ISLAMABAD, Pakistan, Aug. 17 (UPI) -- Washington has no cause for concern for now about the safety of Pakistan's nuclear arsenal following a militant attack on its air base, a U.S. official said.
Questions about the protection of Pakistan's nuclear weapons arose after a group of heavily armed militants early Thursday broke through security at Pakistan's Minhas air force base in Kamra in Punjab province and engaged security forces at the facility in a gun battle. The attack ended after the security forces killed eight of the militants while losing one of their own. One plane was damaged.
U.S. State Department spokeswoman Victoria Nuland, when asked about the attack and its implications, said Islamabad in a statement denied there was any nuclear material or any nuclear weapons at the base, adding the United States has no information to contradict that statement.
She said Pakistan, aware of the range of potential threats to its nuclear arsenal, has secured its nuclear arsenal accordingly.
"We do talk about these issues and support Pakistani efforts to keep them secure, and we have for quite a long, long time," Nuland said. "And we don't have any reason to be concerned at this moment."

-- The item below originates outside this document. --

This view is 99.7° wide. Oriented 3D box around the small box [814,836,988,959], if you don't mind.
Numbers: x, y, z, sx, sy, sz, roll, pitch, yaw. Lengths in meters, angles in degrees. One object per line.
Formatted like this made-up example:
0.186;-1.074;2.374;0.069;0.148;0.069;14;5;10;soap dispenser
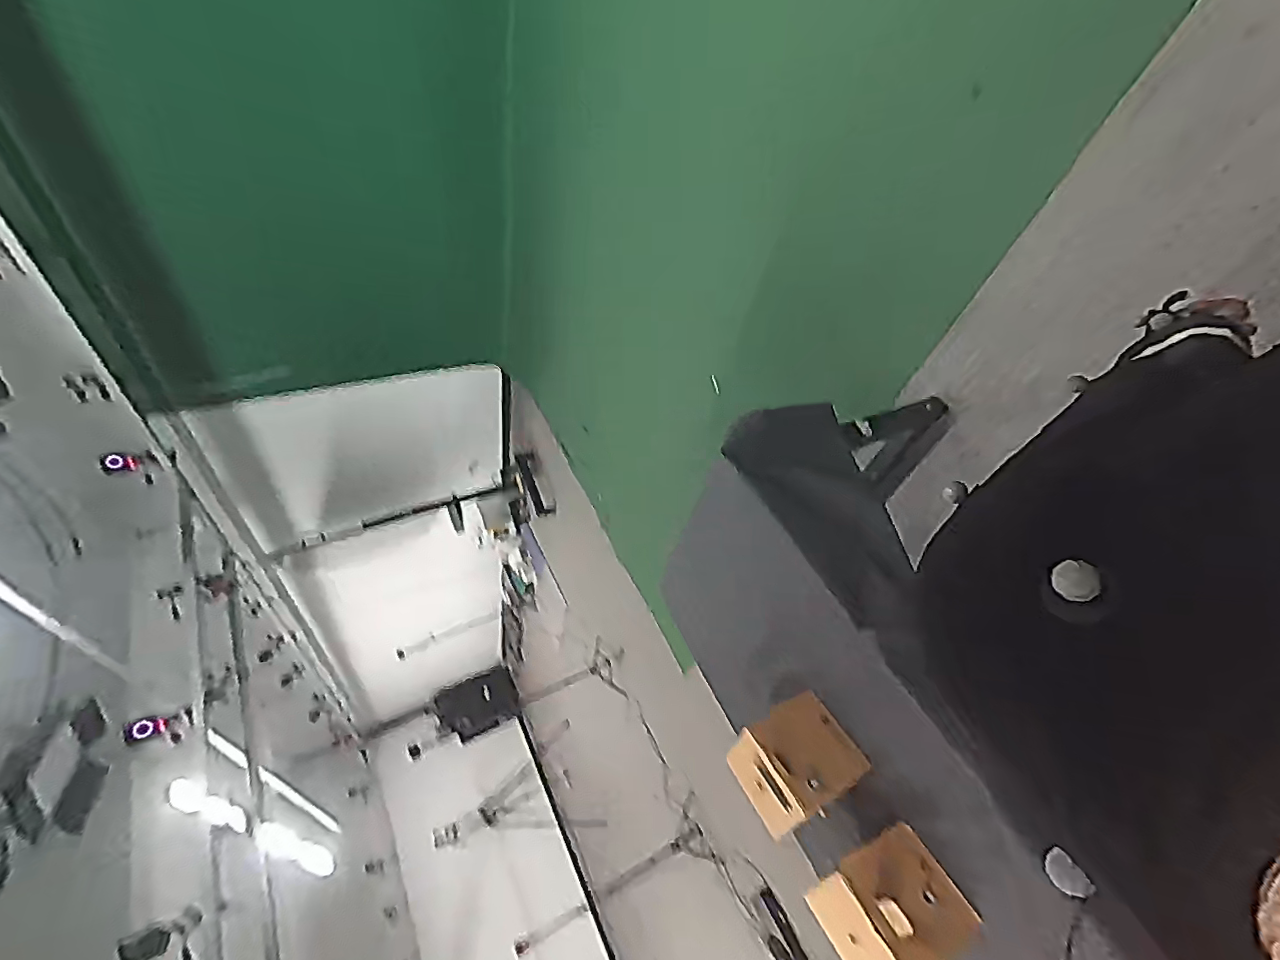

The New York Times quoted Pakistani authorities as saying they believe Islamic militants were responsible for the attack on the base, northwest of Islamabad, which again pointed to the militants' determination to attack the country's sensitive installations.
In May 2011, militants attacked a military base in Pakistan's port city of Karachi, leaving 10 people dead.
Thursday's attack happened at a time when there is speculation the Pakistani military may be readying for an operation in the North Waziristan tribal area, which U.S. officials say they believe is a haven for the Haqqani network and other militant groups to launch attacks on American forces in neighboring Afghanistan.
The Washington Post reported the Pakistani Taliban claimed responsibility for the attack, with a spokesman, Ihsanullah Ihsan, saying it was to avenge military actions in the tribal areas of northwestern Pakistan.
Ihsan claimed "dozens of security people" died in the attack, adding: "We could do anything and target whatever we want. Our fighters can hit any target anywhere."
Security analysts told the Post it was not true nuclear assets were kept at the base.
"Nuclear assets management is totally a separate issue and is being dealt with separately," one analyst said.
Britain's Daily Telegraph said the Thursday incident was the third attack on the air base since 2007, and was also the most audacious.
The report said Shaun Gregory at Bradford University's Pakistan Security Research Unit had warned -- after the most recent attack prior to Thursday -- that terrorist attacks could set off fires or explosions at Pakistani bases, thereby by posing radiological threats or lead to seizure of vital components by militants for creating their own weapon.
"Questions will be raised about nuclear weapons -- though the militants were stopped, they entered a high security area and kept security forces engaged for more than 2 hours," security analyst Hasan Askari Rizvi told the Los Angeles Times, "That means the government of Pakistan and the military will have to address the lapses and weaknesses that exist in their security systems."